Global warming during the fourth quarter of the 20th century may already have hit the rate expected for the 21st century, suggests a new analysis of records going back to 1880. Sharply rising temperatures at the end of the 1990s indicate that the fever pace may be even higher, although other scientists doubt that the blip is a trend.

A series of 16 record-warm months in a row during 1997 and 1998 (SN: 1/2/99, p. 6) prompted Thomas R. Karl and his colleagues at the National Climatic Data Center in Asheville, N.C., to take a new look at global warming patterns. The string of record highs may mark a “change point” in the rate of global warming, they conclude in the March 1 Geophysical Research Letters.

The researchers found that over the past 25 years, Earth has been warming at a rate of 2ºC per century, rather than the 1.5ºC rate previously measured (SN: 9/4/99, p. 150). The new pace matches warming rates predicted for the 21st century by the United Nation’s Intergovernmental Panel on Climate Change.

With average temperature increasing by 2ºC per century, there would be only a 1 in 20 chance of 16 record-setting months in a row, says Karl. “Sometimes unusual events really do happen [by chance],” he acknowledges. More likely, the pace of global warming has increased to 3ºC per century, he says.

Karl adds that he will be more confident of his prediction if temperatures continue to rise at the faster pace through the next few years. Data from 1999 seem to fit his proposal. Despite a La Ni±a cooling trend in the  Pacific, last year was the fifth-warmest year on record, with temperatures outside the tropics that were just as high as those in 1998, Karl says.

Climatologist Alan Robock of Rutgers University in New Brunswick, N.J., finds the analysis unconvincing. “From a very short period of time, you can’t extrapolate the rate of change of a very slow process,” he says. “You have to average over 20- or 30-year periods, not 2-year periods.”
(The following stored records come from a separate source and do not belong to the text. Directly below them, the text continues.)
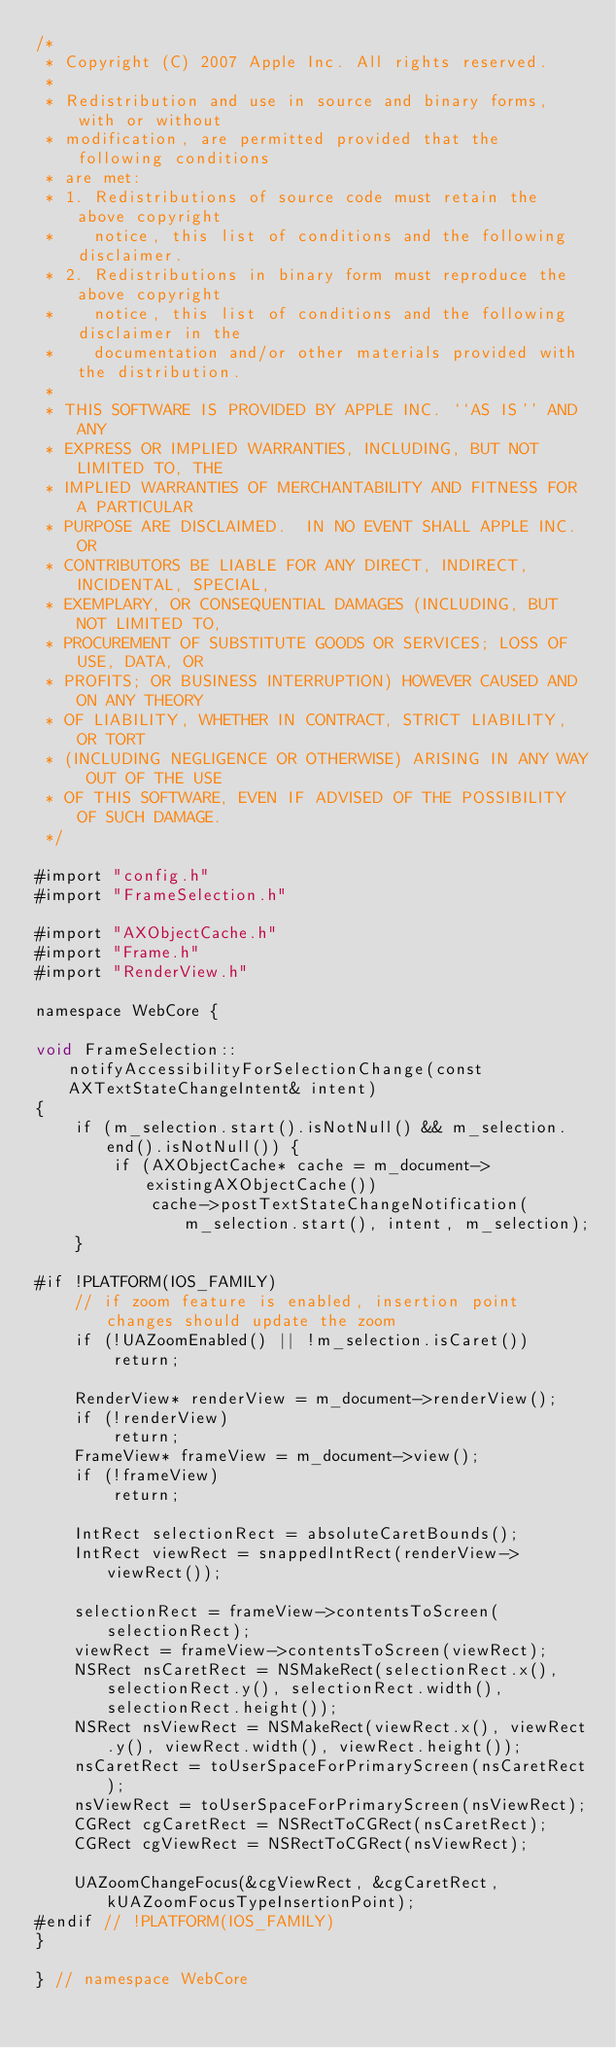<code> <loc_0><loc_0><loc_500><loc_500><_ObjectiveC_>/*
 * Copyright (C) 2007 Apple Inc. All rights reserved.
 *
 * Redistribution and use in source and binary forms, with or without
 * modification, are permitted provided that the following conditions
 * are met:
 * 1. Redistributions of source code must retain the above copyright
 *    notice, this list of conditions and the following disclaimer.
 * 2. Redistributions in binary form must reproduce the above copyright
 *    notice, this list of conditions and the following disclaimer in the
 *    documentation and/or other materials provided with the distribution.
 *
 * THIS SOFTWARE IS PROVIDED BY APPLE INC. ``AS IS'' AND ANY
 * EXPRESS OR IMPLIED WARRANTIES, INCLUDING, BUT NOT LIMITED TO, THE
 * IMPLIED WARRANTIES OF MERCHANTABILITY AND FITNESS FOR A PARTICULAR
 * PURPOSE ARE DISCLAIMED.  IN NO EVENT SHALL APPLE INC. OR
 * CONTRIBUTORS BE LIABLE FOR ANY DIRECT, INDIRECT, INCIDENTAL, SPECIAL,
 * EXEMPLARY, OR CONSEQUENTIAL DAMAGES (INCLUDING, BUT NOT LIMITED TO,
 * PROCUREMENT OF SUBSTITUTE GOODS OR SERVICES; LOSS OF USE, DATA, OR
 * PROFITS; OR BUSINESS INTERRUPTION) HOWEVER CAUSED AND ON ANY THEORY
 * OF LIABILITY, WHETHER IN CONTRACT, STRICT LIABILITY, OR TORT
 * (INCLUDING NEGLIGENCE OR OTHERWISE) ARISING IN ANY WAY OUT OF THE USE
 * OF THIS SOFTWARE, EVEN IF ADVISED OF THE POSSIBILITY OF SUCH DAMAGE. 
 */
 
#import "config.h"
#import "FrameSelection.h"

#import "AXObjectCache.h"
#import "Frame.h"
#import "RenderView.h"

namespace WebCore {

void FrameSelection::notifyAccessibilityForSelectionChange(const AXTextStateChangeIntent& intent)
{
    if (m_selection.start().isNotNull() && m_selection.end().isNotNull()) {
        if (AXObjectCache* cache = m_document->existingAXObjectCache())
            cache->postTextStateChangeNotification(m_selection.start(), intent, m_selection);
    }

#if !PLATFORM(IOS_FAMILY)
    // if zoom feature is enabled, insertion point changes should update the zoom
    if (!UAZoomEnabled() || !m_selection.isCaret())
        return;

    RenderView* renderView = m_document->renderView();
    if (!renderView)
        return;
    FrameView* frameView = m_document->view();
    if (!frameView)
        return;

    IntRect selectionRect = absoluteCaretBounds();
    IntRect viewRect = snappedIntRect(renderView->viewRect());

    selectionRect = frameView->contentsToScreen(selectionRect);
    viewRect = frameView->contentsToScreen(viewRect);
    NSRect nsCaretRect = NSMakeRect(selectionRect.x(), selectionRect.y(), selectionRect.width(), selectionRect.height());
    NSRect nsViewRect = NSMakeRect(viewRect.x(), viewRect.y(), viewRect.width(), viewRect.height());
    nsCaretRect = toUserSpaceForPrimaryScreen(nsCaretRect);
    nsViewRect = toUserSpaceForPrimaryScreen(nsViewRect);
    CGRect cgCaretRect = NSRectToCGRect(nsCaretRect);
    CGRect cgViewRect = NSRectToCGRect(nsViewRect);

    UAZoomChangeFocus(&cgViewRect, &cgCaretRect, kUAZoomFocusTypeInsertionPoint);
#endif // !PLATFORM(IOS_FAMILY)
}

} // namespace WebCore
</code> 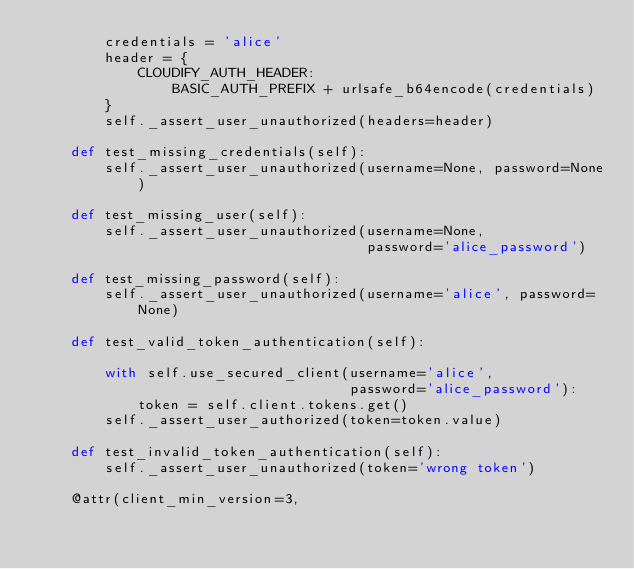<code> <loc_0><loc_0><loc_500><loc_500><_Python_>        credentials = 'alice'
        header = {
            CLOUDIFY_AUTH_HEADER:
                BASIC_AUTH_PREFIX + urlsafe_b64encode(credentials)
        }
        self._assert_user_unauthorized(headers=header)

    def test_missing_credentials(self):
        self._assert_user_unauthorized(username=None, password=None)

    def test_missing_user(self):
        self._assert_user_unauthorized(username=None,
                                       password='alice_password')

    def test_missing_password(self):
        self._assert_user_unauthorized(username='alice', password=None)

    def test_valid_token_authentication(self):

        with self.use_secured_client(username='alice',
                                     password='alice_password'):
            token = self.client.tokens.get()
        self._assert_user_authorized(token=token.value)

    def test_invalid_token_authentication(self):
        self._assert_user_unauthorized(token='wrong token')

    @attr(client_min_version=3,</code>

The researchers’ statistical analysis ignores the physics of climate change, Robock says. It’s unlikely that the climate system is reacting to steadily increasing greenhouse gases in a different way, as a sudden change in warming rate would require. Data over a longer time are likely to show a constant rate, he says.

“It’s quite an interesting little statistical analysis,” says Tom Wigley, a senior scientist at the National Center for Atmospheric Research in Boulder, Colo. He adds, however, that Karl’s team hasn’t given the Pacific warming known as El Ni±o enough credit. The particularly powerful El Ni±o of 1997 and 1998 could account for the bump in temperature data but not reflect a new rate of warming. In an El Ni±o year, Wigley says, “you don’t need very much to tip the balance from routine to record.”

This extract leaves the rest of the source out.